My central memory of that time seems to hang on one or five or maybe forty nights — or very early mornings — when I left the Fillmore half-crazy and, instead of going home, aimed the big 650 Lightning across the Bay Bridge at a hundred miles an hour...booming through the Treasure Island tunnel at the lights of Oakland and Berkeley and Richmond, not quite sure which turnoff to take when I got to the other end...but being absolutely certain that no matter which way I went, I would come to a place where people were just as high and wild as I was...
There was madness in any direction, at any hour. If not across the Bay, then up the Golden Gate or down 101 to Los Altos or La Honda...You could strike sparks anywhere. There was a fantastic universal sense that whatever we were doing was right, that we were winning...And that, I think, was the handle — that sense of inevitable victory over the forces of Old and Evil...We had all the momentum; we were riding the crest of a high and beautiful wave...
So now, less than five years later, you can go up on a steep hill in Las Vegas and look West, and with the right kind of eyes, you can almost see the high-water mark — that place where the wave finally broke and rolled back.
- If anything, the sixties was a decade of change, with the lines often drawn between those who embraced change and those who resisted it. And time after time, it was those who embraced it who prevailed.
- Tim Wendel, Summer of ’68 (2012), Chapter 5 (p. 135 in the paperback edition)
- Although the '60s counterculture has been much maligned and discredited, it attempted to provide what we still desperately need: a spirited culture of refusal, a counter-life to the reigning corporate culture of death. We don't need to return to that counterculture, but we do need to take up its challenge again. If the work we do produces mostly bad, ugly, and destructive things, those things in turn will tend to re-create us in their image. We need to turn to good, useful, and beautiful work. We need to ask, as Thoreau and Ruskin did, What are the life-giving things? Such important questions are answered for us in the present by the corporate state, while we are left with the most trivial decisions: what programs to watch on TV and what model car to buy.

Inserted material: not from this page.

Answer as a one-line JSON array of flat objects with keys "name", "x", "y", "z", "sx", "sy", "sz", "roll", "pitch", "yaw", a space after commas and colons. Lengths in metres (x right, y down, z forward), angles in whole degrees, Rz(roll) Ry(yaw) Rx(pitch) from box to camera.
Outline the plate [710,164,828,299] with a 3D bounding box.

- Curtis White, “The spirit of disobedience: An invitation to resistance,” Harper’s, April 2006, p. 40
- Unlike the civil rights struggles of African Americans or the protest politics surrounding the Vietnam War, the Chicano and Puerto Rican movements represent a decidedly underexplored aspect of 1960s New Left radicalism. Outside of the communities themselves, the names, places, and events of these two movements are virtually unknown.
- Beltrán, Cristina, The Trouble with Unity, 2010
- In two books about the cultural flowering of the 1960s, the many volumes of Chicano poetry, short stories, songs, and skits go unmentioned. In two books on the underground press, Robert Glessing's The Underground Press in America and Abe Peck's Uncovering the Sixties, you will find no mention of Chicano movement newspapers in the first (except for two listings in its appendix) and two references in the second. Yet there was a Chicano Press Association comprising 60 newspapers and magazines in those years.

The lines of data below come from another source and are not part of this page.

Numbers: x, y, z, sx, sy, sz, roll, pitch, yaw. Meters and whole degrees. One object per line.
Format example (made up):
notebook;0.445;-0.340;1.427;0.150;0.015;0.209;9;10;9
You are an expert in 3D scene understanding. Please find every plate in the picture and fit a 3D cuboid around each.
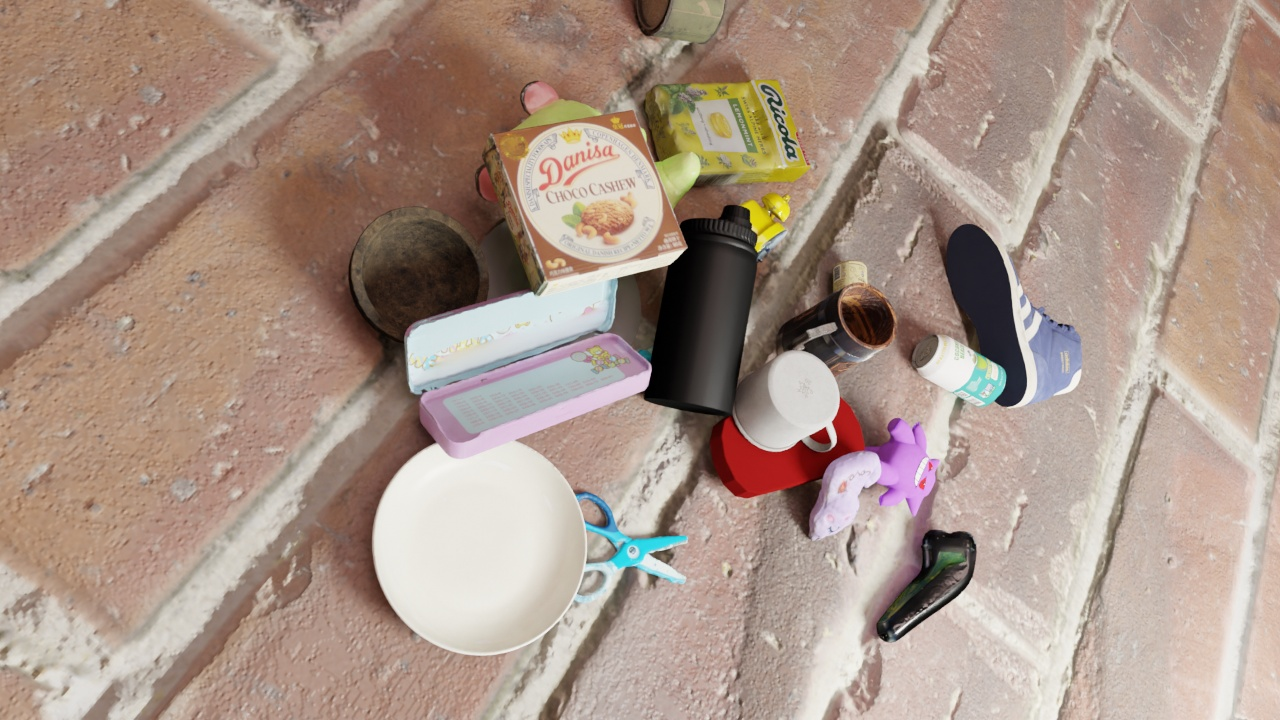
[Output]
plate;-0.135;0.154;0.772;0.182;0.034;0.182;10;67;-23
plate;-0.078;-0.068;0.900;0.178;0.012;0.178;10;67;-23

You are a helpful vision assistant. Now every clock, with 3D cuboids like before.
clock;0.120;-0.135;0.982;0.118;0.083;0.057;-39;84;-18

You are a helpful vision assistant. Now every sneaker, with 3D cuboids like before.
sneaker;0.468;-0.059;1.124;0.118;0.092;0.232;-2;70;-27

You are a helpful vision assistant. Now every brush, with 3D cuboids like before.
brush;0.147;0.088;0.934;0.173;0.042;0.082;-9;75;-29

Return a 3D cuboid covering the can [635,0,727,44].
can;0.045;-0.414;1.051;0.074;0.090;0.089;-2;72;-27

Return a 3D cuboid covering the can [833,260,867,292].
can;0.239;-0.070;1.044;0.038;0.038;0.079;14;65;-21

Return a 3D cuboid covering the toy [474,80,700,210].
toy;-0.051;-0.180;0.911;0.197;0.107;0.150;23;75;-7

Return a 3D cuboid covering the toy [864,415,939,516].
toy;0.280;0.115;0.983;0.088;0.056;0.105;37;69;-14

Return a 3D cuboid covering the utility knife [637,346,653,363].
utility knife;-0.005;0.005;0.905;0.166;0.015;0.022;-30;86;-31

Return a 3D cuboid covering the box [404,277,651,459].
box;-0.090;-0.004;0.802;0.213;0.091;0.090;-20;45;-32

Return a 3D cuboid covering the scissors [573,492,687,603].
scissors;-0.015;0.164;0.842;0.139;0.013;0.118;-8;73;-26

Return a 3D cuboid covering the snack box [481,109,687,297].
snack box;-0.050;-0.143;0.822;0.143;0.041;0.147;-16;80;-26

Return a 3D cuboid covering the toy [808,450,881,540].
toy;0.205;0.135;0.920;0.080;0.100;0.036;-19;42;-30

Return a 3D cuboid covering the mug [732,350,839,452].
mug;0.151;0.047;0.884;0.113;0.071;0.084;35;59;-8

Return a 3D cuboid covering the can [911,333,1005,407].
can;0.371;0.011;1.068;0.101;0.055;0.054;27;61;-15

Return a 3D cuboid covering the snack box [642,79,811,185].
snack box;0.098;-0.260;1.044;0.180;0.045;0.121;-10;75;-29

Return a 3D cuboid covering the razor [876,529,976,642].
razor;0.292;0.231;0.951;0.151;0.054;0.067;-34;78;-26

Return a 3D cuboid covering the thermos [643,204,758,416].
thermos;0.063;-0.052;0.888;0.086;0.086;0.198;13;82;-22

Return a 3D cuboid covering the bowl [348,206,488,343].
bowl;-0.201;-0.070;0.811;0.121;0.056;0.121;5;81;-31

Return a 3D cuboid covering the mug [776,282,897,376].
mug;0.192;-0.023;0.961;0.115;0.107;0.080;-16;78;-31

- Martínez, Elizabeth, De Colores Means All of Us, 2017
- White radicals of the 1960s-many of them called "the New Left"-learned tactics from African Americans, who had learned some of theirs from Asians (Gandhi) and who also adopted tactics from white workers of an earlier era. Native Americans took tactics from Blacks. Asian-American youths were inspired by young Puerto Rican activists. Chicano organizations copied from the Black Panther Party, as in their breakfast program. Yet the "New Left" is usually staked out with Eurocentric boundaries in our books on the 1960s. Even many people of color define the New Left as white, and would deny that their activism had anything to do with a new, old or any other kind of Left. The New Left was indeed born primarily white. But its vision of a society in which the exploited and oppressed become an empowered collectivity did inspire people across racial and national lines. That vision generated an international political culture that stirred youth from Paris to Mexico to Tokyo and lives on today. Who cannot be reminded of that New Left ideal, "participatory democracy" (a phrase used by Students for a Democratic Society), when hearing of how 3,000 Chinese students voted on every major decision in Tiananmen Square in May 1989?

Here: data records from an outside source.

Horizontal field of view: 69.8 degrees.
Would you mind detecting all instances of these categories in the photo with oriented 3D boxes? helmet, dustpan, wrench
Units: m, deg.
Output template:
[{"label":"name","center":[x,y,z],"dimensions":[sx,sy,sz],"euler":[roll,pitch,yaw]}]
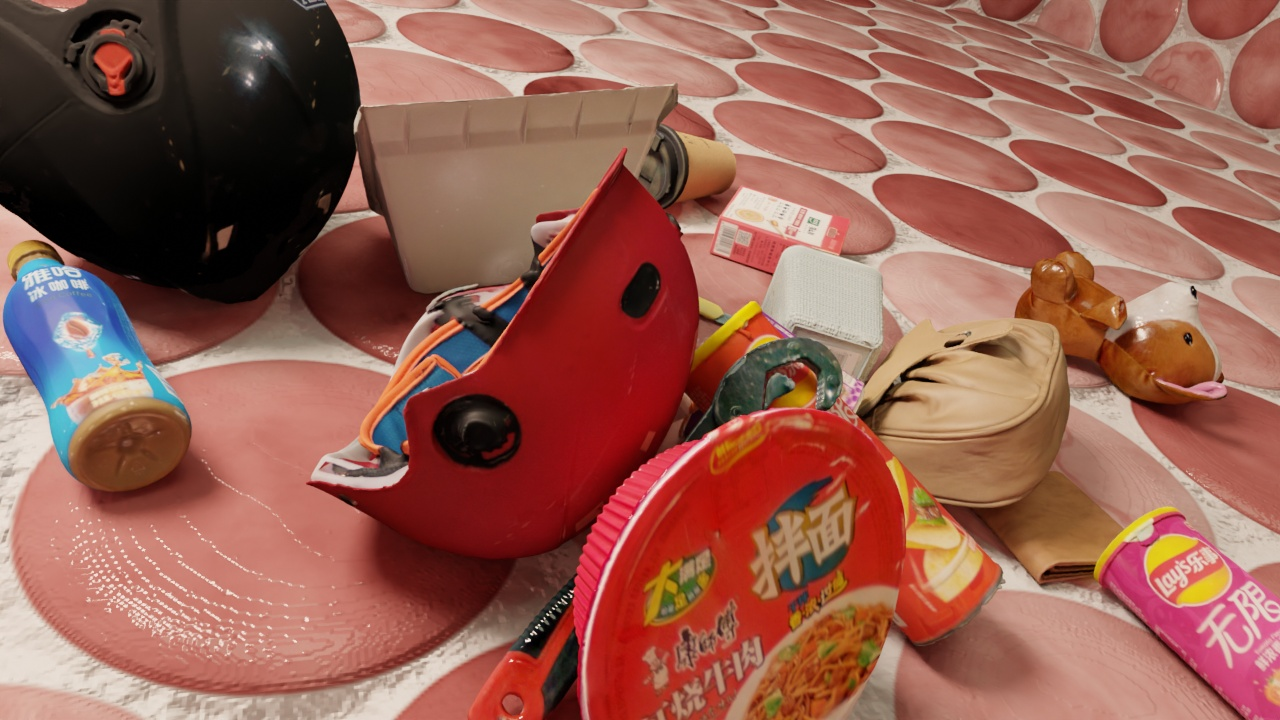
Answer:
[{"label":"helmet","center":[-0.309,-0.177,0.637],"dimensions":[0.230,0.275,0.233],"euler":[41,19,-12]},{"label":"dustpan","center":[-0.117,-0.157,0.740],"dimensions":[0.222,0.258,0.142],"euler":[-9,58,-18]},{"label":"helmet","center":[-0.047,0.012,0.507],"dimensions":[0.144,0.241,0.206],"euler":[43,30,-16]},{"label":"wrench","center":[0.012,0.082,0.474],"dimensions":[0.056,0.016,0.272],"euler":[43,69,4]}]

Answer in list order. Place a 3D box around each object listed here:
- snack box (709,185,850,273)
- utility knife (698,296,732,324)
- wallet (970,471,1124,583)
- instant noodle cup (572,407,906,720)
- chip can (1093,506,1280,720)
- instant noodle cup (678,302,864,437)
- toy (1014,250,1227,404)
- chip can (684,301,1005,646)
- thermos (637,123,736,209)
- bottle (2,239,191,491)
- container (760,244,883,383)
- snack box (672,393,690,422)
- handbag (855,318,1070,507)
[{"label":"snack box","center":[0.148,-0.131,0.966],"dimensions":[0.127,0.044,0.113],"euler":[20,31,9]},{"label":"utility knife","center":[0.025,-0.061,0.829],"dimensions":[0.196,0.020,0.030],"euler":[20,36,8]},{"label":"wallet","center":[0.300,0.117,0.671],"dimensions":[0.115,0.020,0.101],"euler":[3,33,-25]},{"label":"instant noodle cup","center":[0.039,0.110,0.435],"dimensions":[0.193,0.194,0.066],"euler":[-10,16,-34]},{"label":"chip can","center":[0.380,0.184,0.549],"dimensions":[0.071,0.072,0.210],"euler":[-4,37,-29]},{"label":"instant noodle cup","center":[0.094,0.031,0.643],"dimensions":[0.099,0.112,0.111],"euler":[31,34,7]},{"label":"toy","center":[0.473,-0.031,0.889],"dimensions":[0.199,0.131,0.139],"euler":[43,34,22]},{"label":"chip can","center":[0.113,0.066,0.546],"dimensions":[0.216,0.073,0.073],"euler":[48,39,6]},{"label":"thermos","center":[0.043,-0.213,1.013],"dimensions":[0.093,0.093,0.143],"euler":[36,30,29]},{"label":"bottle","center":[-0.337,-0.010,0.548],"dimensions":[0.065,0.065,0.219],"euler":[-16,43,-40]},{"label":"container","center":[0.147,-0.023,0.758],"dimensions":[0.090,0.090,0.111],"euler":[17,36,-1]},{"label":"snack box","center":[-0.004,0.004,0.660],"dimensions":[0.027,0.085,0.156],"euler":[54,22,-24]},{"label":"handbag","center":[0.238,0.025,0.687],"dimensions":[0.148,0.100,0.203],"euler":[-5,20,31]}]

- Martínez, Elizabeth, De Colores Means All of Us, 2017
- The 1960s were revolutionary times. Across the world, people demanded national independence, racial equality, women's rights, and more humane societies. Their actions gave birth to radical changes in politics, culture, and social relations that influence our lives to the present day. Specific events and individuals moved the hearts of Puerto Ricans living in the United States. The African American struggle for freedom and justice led the way. Malcolm X's powerful speeches about self-determination and self-defense taught us that revolutionary change was in our hands. When Malcolm was assassinated in 1965, we mourned the loss of a great spokesman and leader. Two months later, don Pedro Albizu Campos, Puerto Rican freedom fighter, died after being imprisoned for twenty-six years in the United States where he was subjected to radiation experiments. Again, we cried and grieved a national hero. The war in Vietnam dominated global attention. In 1968, the Tet Offensive a series of attacks by North Vietnamese forces on South Vietnamese cities, including on the US Embassy grounds in Saigon-shocked the world. The American command retaliated swiftly causing heavy casualties, and live television coverage brought the war's reality into our homes. Worldwide protests intensified. A year earlier, Dr. Martin Luther King Jr. had spoken out against the war, calling it an enemy of the poor among other things. Emphasizing the relation between the war machine and poverty, Dr. King organized the Poor People's Campaign urging black, white, brown, and Asian people to camp out in front of the Capitol Building in Washington D.C. until either a job or a living income was guaranteed for all. When Dr. King was assassinated on April 4, 1968, thousands took to the streets in more than two hundred uprisings in 172 cities. Many had lost faith, and no longer believed, that America could be reformed via elections or demonstrations. A new wave of grassroots militancy surged.
- Iris Morales Through the Eyes of Rebel Women: The Young Lords 1969-1976 (2016)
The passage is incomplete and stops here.